● Exercise instructions
In the entries that follow, the first line to write out is the one containing "Page size: 1241x1754.", and the last is the one containing "Identify the document". Reproduce that stretch exactly, with nothing before or after it.

● Material provided
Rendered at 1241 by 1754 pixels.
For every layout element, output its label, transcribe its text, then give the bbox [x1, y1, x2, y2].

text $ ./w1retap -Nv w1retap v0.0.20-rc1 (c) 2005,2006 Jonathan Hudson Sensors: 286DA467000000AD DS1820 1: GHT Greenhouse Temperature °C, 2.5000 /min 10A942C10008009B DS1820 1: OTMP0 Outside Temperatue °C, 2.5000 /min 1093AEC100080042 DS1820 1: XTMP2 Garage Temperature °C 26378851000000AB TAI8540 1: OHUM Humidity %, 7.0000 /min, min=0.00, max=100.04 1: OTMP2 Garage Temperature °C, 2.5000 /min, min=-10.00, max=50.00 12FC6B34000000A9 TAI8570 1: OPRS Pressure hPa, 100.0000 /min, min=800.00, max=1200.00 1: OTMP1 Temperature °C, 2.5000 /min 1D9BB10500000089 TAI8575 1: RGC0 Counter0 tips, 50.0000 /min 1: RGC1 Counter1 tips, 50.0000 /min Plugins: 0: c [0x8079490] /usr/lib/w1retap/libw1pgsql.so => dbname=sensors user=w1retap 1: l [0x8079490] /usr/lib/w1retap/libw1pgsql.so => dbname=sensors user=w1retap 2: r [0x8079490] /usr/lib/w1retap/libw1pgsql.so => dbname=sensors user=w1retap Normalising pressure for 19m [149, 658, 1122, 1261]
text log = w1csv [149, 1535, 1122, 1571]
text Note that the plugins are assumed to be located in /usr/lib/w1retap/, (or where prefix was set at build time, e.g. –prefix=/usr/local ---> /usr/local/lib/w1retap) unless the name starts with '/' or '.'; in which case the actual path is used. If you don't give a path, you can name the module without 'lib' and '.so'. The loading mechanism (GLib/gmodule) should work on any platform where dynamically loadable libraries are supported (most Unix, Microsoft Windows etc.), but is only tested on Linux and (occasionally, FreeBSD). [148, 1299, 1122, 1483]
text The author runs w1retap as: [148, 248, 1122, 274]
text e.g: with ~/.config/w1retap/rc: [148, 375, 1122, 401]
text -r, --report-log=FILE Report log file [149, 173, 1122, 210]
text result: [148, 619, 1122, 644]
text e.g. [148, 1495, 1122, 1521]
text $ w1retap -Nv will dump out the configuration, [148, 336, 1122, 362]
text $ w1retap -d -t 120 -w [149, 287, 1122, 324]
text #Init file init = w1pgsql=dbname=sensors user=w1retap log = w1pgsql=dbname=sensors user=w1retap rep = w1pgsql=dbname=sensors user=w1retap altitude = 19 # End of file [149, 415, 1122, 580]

---

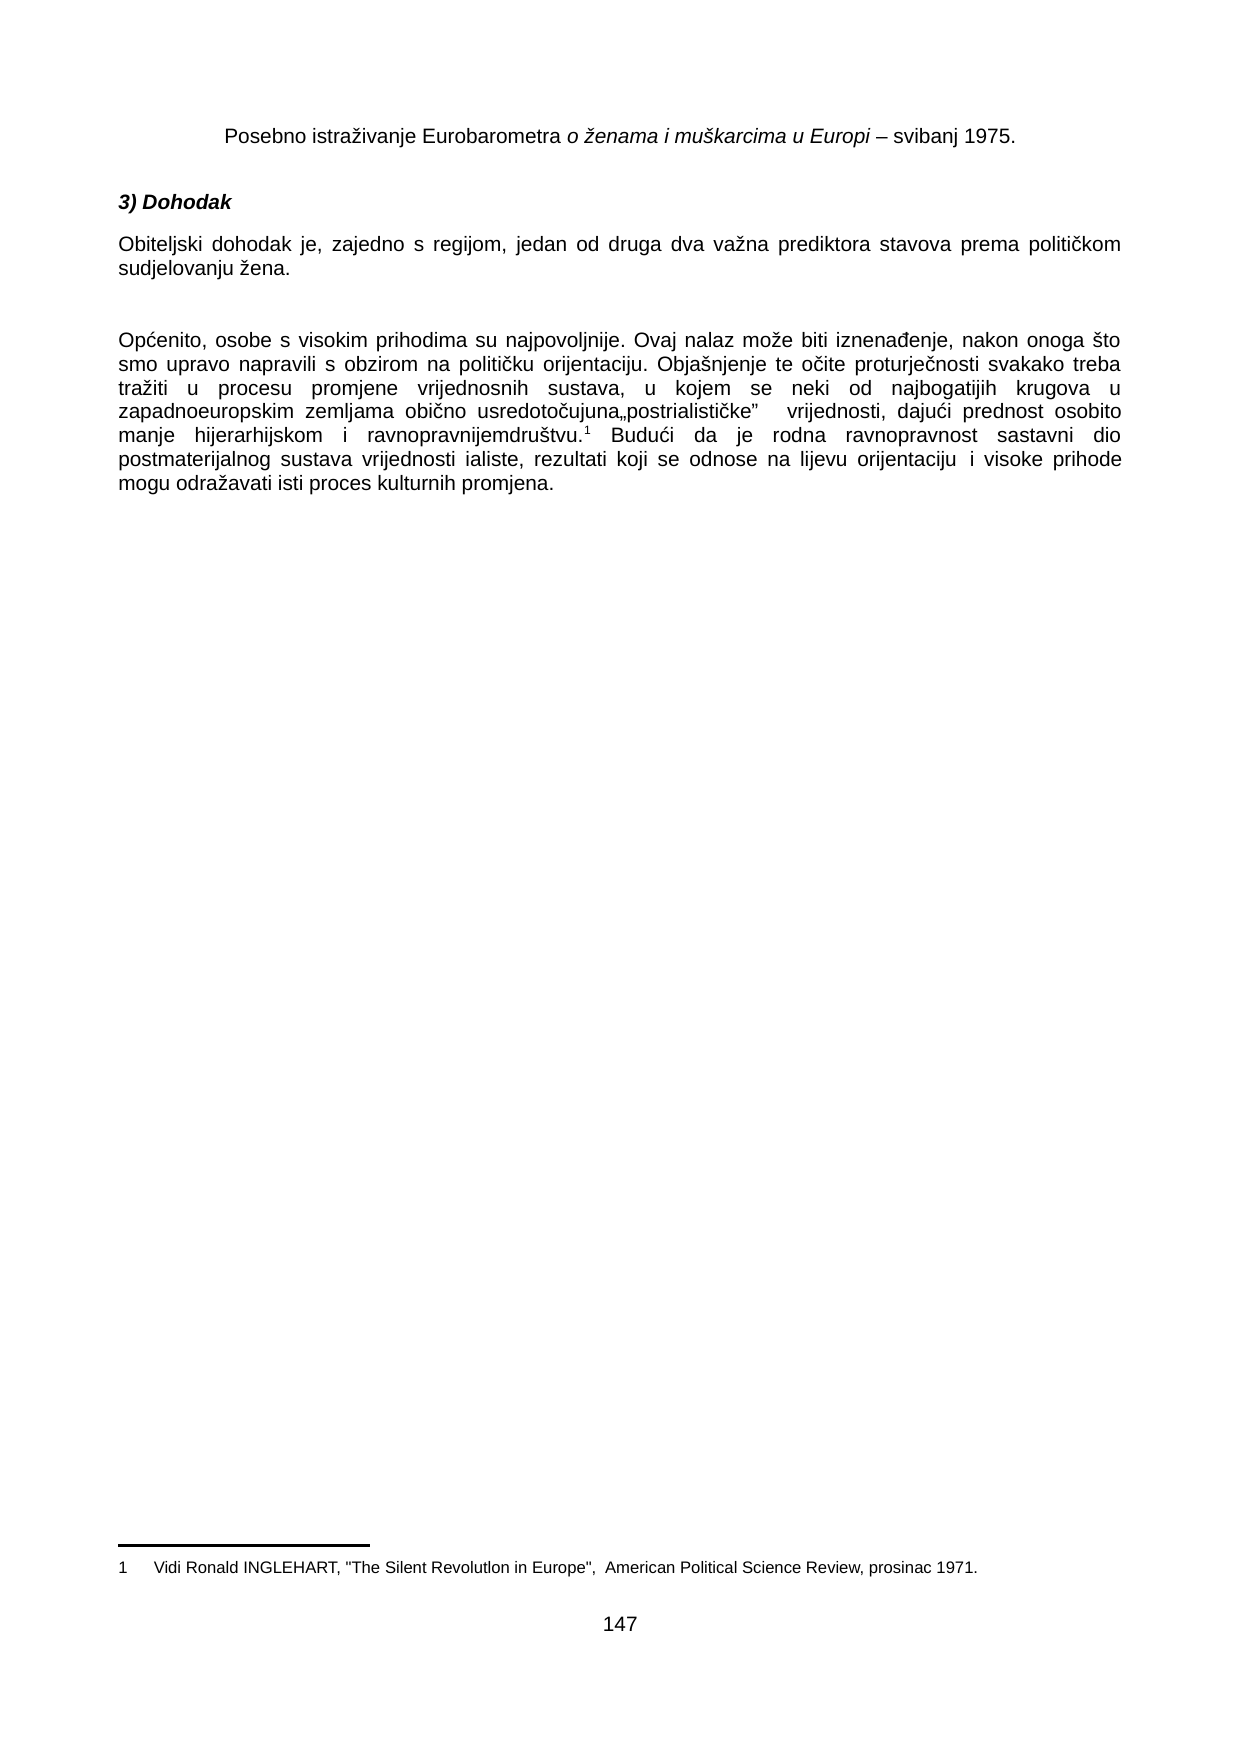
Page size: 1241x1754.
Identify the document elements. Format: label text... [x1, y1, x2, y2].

● Written solution
Page size: 1241x1754.
Identify the document elements. Format: label text... [x1, y1, x2, y2].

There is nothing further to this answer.